Пирожки оказались воздушными, мягкими дрожжевыми пончиками, начиненными сливовым джемом, и следующие двадцать минут жизнь была просто прекрасной. Сидеть на кухне в окружении моих любимых людей, пить горячий шоколад и есть вкусную выпечку – ничего лучшего в данный момент я придумать не могла. Все говорили одновременно: Миа рассказывала (с набитым ртом) очередные выдумки о горнолыжном отпуске, Флоренс болтала о вечеринке, которую они с Грейсоном планировали устроить в честь своего восемнадцатилетия в феврале, а Лотти – о баварском креме, который она собиралась наколдовать для нас завтра.
Я никак не могла отпустить Генри, мы держались за руки под столом, слушали, смеялись и время от времени переглядывались, и после второго пончика мне показалось, что в следующую секунду я взорвусь от счастья. Ну, может быть, не только от счастья – эти пончики, хоть и казались воздушно- легкими, но в желудке, казалось, удваивались в размере. Я чувствовала, как сытая, довольная улыбка расползается по лицу без малейших усилий с моей стороны.
И это были превосходные двадцать минут.
– Я впечатлена, что ты отнеслась к этому так по-спортивному, Лив, – сказала Эмили, которая сидела напротив меня. Она съела только половину пончика, ножом и вилкой, а это значило, что они с Грейсоном не держались за руки под столом. – Я никак не ожидала. Респект.
Что она имела в виду?
– Ну, мы, Зильберы, можем одолеть многое, – осторожно ответила я. – Вот только, думаю, с третьим пончиком я не справлюсь. Поэтому Грейсон должен впечатлить тебя сильнее. Он ест уже четвертый, если я правильно подсчитала.
– Пятый, – поправил Грейсон с набитым ртом. – Я бы мог уже...
Эмили прервала его:
– Я восхищаюсь не количеством калорий, которые ты в себя запихнула, Лив, а твоей беспечностью.

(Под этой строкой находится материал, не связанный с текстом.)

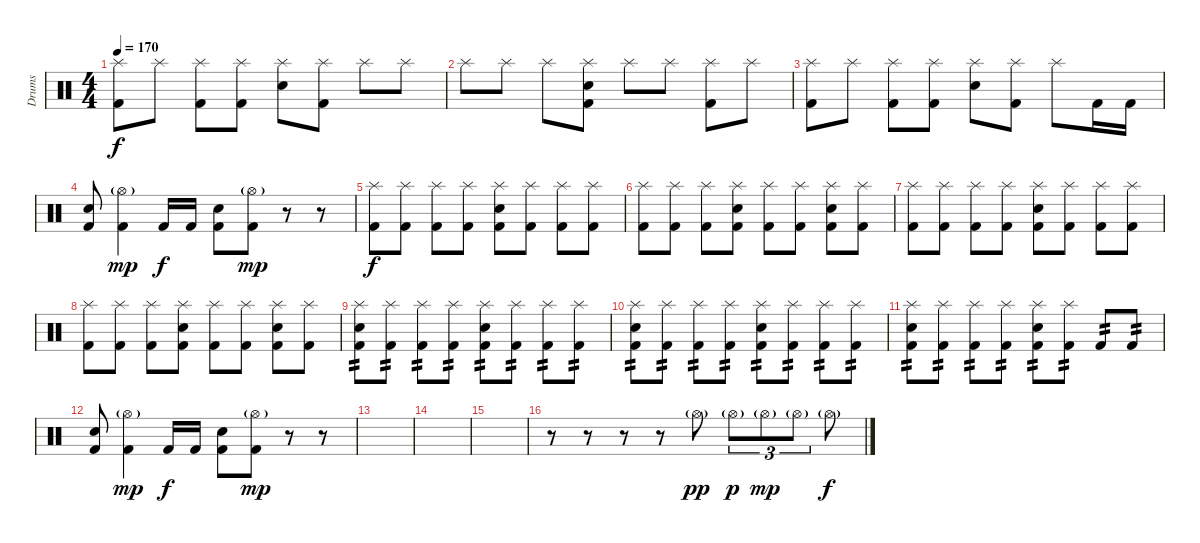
\track ("Drums" "Drums") {instrument percussion}
\staff {score}
\articulation defaults
\ts (4 4)
\tempo 170
\clef neutral
\ks c
("Splash (hit)" "Kick (hit) 2").8{dy f} "Splash (hit)".8 ("Splash (hit)" "Kick (hit) 2").8 ("Splash (hit)" "Kick (hit) 2").8 ("Splash (hit)" "Snare (hit) 2").8 ("Splash (hit)" "Kick (hit) 2").8 "Splash (hit)".8 "Splash (hit)".8 |
"Splash (hit)".8 "Splash (hit)".8 "Splash (hit)".8 ("Splash (hit)" "Snare (hit) 2" "Kick (hit) 2").8 "Splash (hit)".8 "Splash (hit)".8 ("Splash (hit)" "Kick (hit) 2").8 "Splash (hit)".8 |
("Splash (hit)" "Kick (hit) 2").8 "Splash (hit)".8 ("Splash (hit)" "Kick (hit) 2").8 ("Splash (hit)" "Kick (hit) 2").8 ("Splash (hit)" "Snare (hit) 2").8 ("Splash (hit)" "Kick (hit) 2").8 "Splash (hit)".8 "Kick (hit) 2".16 "Kick (hit) 2".16 |
("Snare (hit) 2" "Kick (hit) 2").8 ("Hi-Hat (open)"{g} "Kick (hit) 2").4{dy mp} "Kick (hit) 2".16{dy f} "Kick (hit) 2".16 ("Snare (hit) 2" "Kick (hit) 2").8 ("Hi-Hat (open)"{g} "Kick (hit) 2").8{dy mp} r.8 r.8 |
("Splash (hit)" "Kick (hit) 2").8{dy f} ("Splash (hit)" "Kick (hit) 2").8 ("Splash (hit)" "Kick (hit) 2").8 ("Splash (hit)" "Kick (hit) 2").8 ("Splash (hit)" "Snare (hit) 2" "Kick (hit) 2").8 ("Splash (hit)" "Kick (hit) 2").8 ("Splash (hit)" "Kick (hit) 2").8 ("Splash (hit)" "Kick (hit) 2").8 |
("Splash (hit)" "Kick (hit) 2").8 ("Splash (hit)" "Kick (hit) 2").8 ("Splash (hit)" "Kick (hit) 2").8 ("Splash (hit)" "Snare (hit) 2" "Kick (hit) 2").8 ("Splash (hit)" "Kick (hit) 2").8 ("Splash (hit)" "Kick (hit) 2").8 ("Splash (hit)" "Snare (hit) 2" "Kick (hit) 2").8 ("Splash (hit)" "Kick (hit) 2").8 |
("Splash (hit)" "Kick (hit) 2").8 ("Splash (hit)" "Kick (hit) 2").8 ("Splash (hit)" "Kick (hit) 2").8 ("Splash (hit)" "Kick (hit) 2").8 ("Splash (hit)" "Snare (hit) 2" "Kick (hit) 2").8 ("Splash (hit)" "Kick (hit) 2").8 ("Splash (hit)" "Kick (hit) 2").8 ("Splash (hit)" "Kick (hit) 2").8 |
("Splash (hit)" "Kick (hit) 2").8 ("Splash (hit)" "Kick (hit) 2").8 ("Splash (hit)" "Kick (hit) 2").8 ("Splash (hit)" "Snare (hit) 2" "Kick (hit) 2").8 ("Splash (hit)" "Kick (hit) 2").8 ("Splash (hit)" "Kick (hit) 2").8 ("Splash (hit)" "Snare (hit) 2" "Kick (hit) 2").8 ("Splash (hit)" "Kick (hit) 2").8 |
("Splash (hit)" "Snare (hit) 2" "Kick (hit) 2").8{tp 2} ("Splash (hit)" "Kick (hit) 2").8{tp 2} ("Splash (hit)" "Kick (hit) 2").8{tp 2} ("Splash (hit)" "Kick (hit) 2").8{tp 2} ("Splash (hit)" "Snare (hit) 2" "Kick (hit) 2").8{tp 2} ("Splash (hit)" "Kick (hit) 2").8{tp 2} ("Splash (hit)" "Kick (hit) 2").8{tp 2} ("Splash (hit)" "Kick (hit) 2").8{tp 2} |
("Splash (hit)" "Snare (hit) 2" "Kick (hit) 2").8{tp 2} ("Splash (hit)" "Kick (hit) 2").8{tp 2} ("Splash (hit)" "Kick (hit) 2").8{tp 2} ("Splash (hit)" "Kick (hit) 2").8{tp 2} ("Splash (hit)" "Snare (hit) 2" "Kick (hit) 2").8{tp 2} ("Splash (hit)" "Kick (hit) 2").8{tp 2} ("Splash (hit)" "Kick (hit) 2").8{tp 2} ("Splash (hit)" "Kick (hit) 2").8{tp 2} |
("Splash (hit)" "Snare (hit) 2" "Kick (hit) 2").8{tp 2} ("Splash (hit)" "Kick (hit) 2").8{tp 2} ("Splash (hit)" "Kick (hit) 2").8{tp 2} ("Splash (hit)" "Kick (hit) 2").8{tp 2} ("Splash (hit)" "Snare (hit) 2" "Kick (hit) 2").8{tp 2} ("Splash (hit)" "Kick (hit) 2").8{tp 2} "Kick (hit) 2".8{tp 2} "Kick (hit) 2".8{tp 2} |
("Snare (hit) 2" "Kick (hit) 2").8 ("Hi-Hat (open)"{g} "Kick (hit) 2").4{dy mp} "Kick (hit) 2".16{dy f} "Kick (hit) 2".16 ("Snare (hit) 2" "Kick (hit) 2").8 ("Hi-Hat (open)"{g} "Kick (hit) 2").8{dy mp} r.8 r.8 |
|
|
|
r.8 r.8 r.8 r.8 "Hi-Hat (open)"{g}.8{dy pp} "Hi-Hat (open)"{g}.8{tu (3 2) dy p} "Hi-Hat (open)"{g}.8{tu (3 2) dy mp} "Hi-Hat (open)"{g}.8{tu (3 2)} "Hi-Hat (open)"{g}.8{dy f}

Это слово – беспечность – в последнее время постоянно использовала ВВЖ (она жаловалась, что беспечность сыграла с ней злую шутку, учитывая ту мелочь, что Эрнест и мама теперь пара), так что я знала, что оно означает: небрежность, безответственность, опрометчивость. Ну и ладно.
– В каком смысле? – подозрительно спросила я.
Генри крепче сжал мою руку и попытался встать.
– Может, мы пойдем в твою комнату и... э-э... распакуем чемодан?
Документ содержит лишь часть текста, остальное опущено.